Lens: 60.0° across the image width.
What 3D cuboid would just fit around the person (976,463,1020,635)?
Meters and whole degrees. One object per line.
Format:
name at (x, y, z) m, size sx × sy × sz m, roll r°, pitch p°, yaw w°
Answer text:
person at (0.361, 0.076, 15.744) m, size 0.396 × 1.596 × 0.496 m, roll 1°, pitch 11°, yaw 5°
════════════════════
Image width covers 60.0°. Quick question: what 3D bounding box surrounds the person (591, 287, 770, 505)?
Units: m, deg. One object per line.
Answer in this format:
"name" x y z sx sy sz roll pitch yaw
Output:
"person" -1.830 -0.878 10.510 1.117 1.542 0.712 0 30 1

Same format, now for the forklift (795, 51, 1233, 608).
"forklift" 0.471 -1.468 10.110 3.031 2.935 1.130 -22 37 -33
════════════════════
## DIRECTIONS
Which lines of the entries above contain the string "object"? Copy each one.

## REPLY
Meters and whole degrees. One object per line.
Units: m, deg. One object per line.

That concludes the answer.